## TASK INSTRUCTIONS
Copy each line below that contains "before".

## Data extracted from a collection

· · · · · · ·

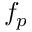<formula> <loc_0><loc_0><loc_500><loc_500>f _ { p }</formula> 
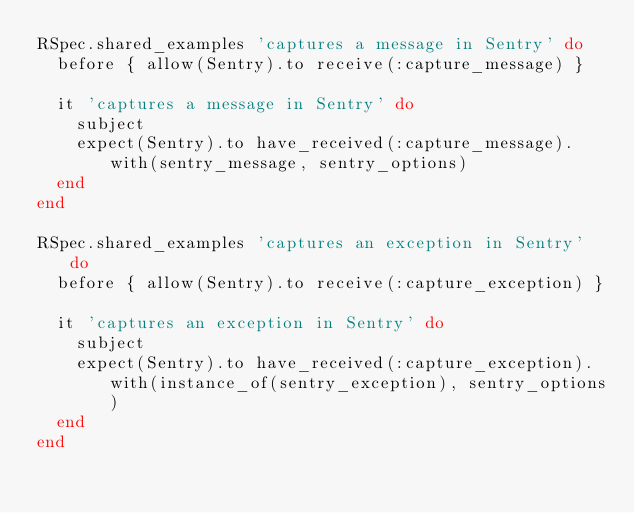<code> <loc_0><loc_0><loc_500><loc_500><_Ruby_>RSpec.shared_examples 'captures a message in Sentry' do
  before { allow(Sentry).to receive(:capture_message) }

  it 'captures a message in Sentry' do
    subject
    expect(Sentry).to have_received(:capture_message).with(sentry_message, sentry_options)
  end
end

RSpec.shared_examples 'captures an exception in Sentry' do
  before { allow(Sentry).to receive(:capture_exception) }

  it 'captures an exception in Sentry' do
    subject
    expect(Sentry).to have_received(:capture_exception).with(instance_of(sentry_exception), sentry_options)
  end
end
</code>

· · · · · · ·

## SOLUTION FOR THIS TASK
  before { allow(Sentry).to receive(:capture_message) }
  before { allow(Sentry).to receive(:capture_exception) }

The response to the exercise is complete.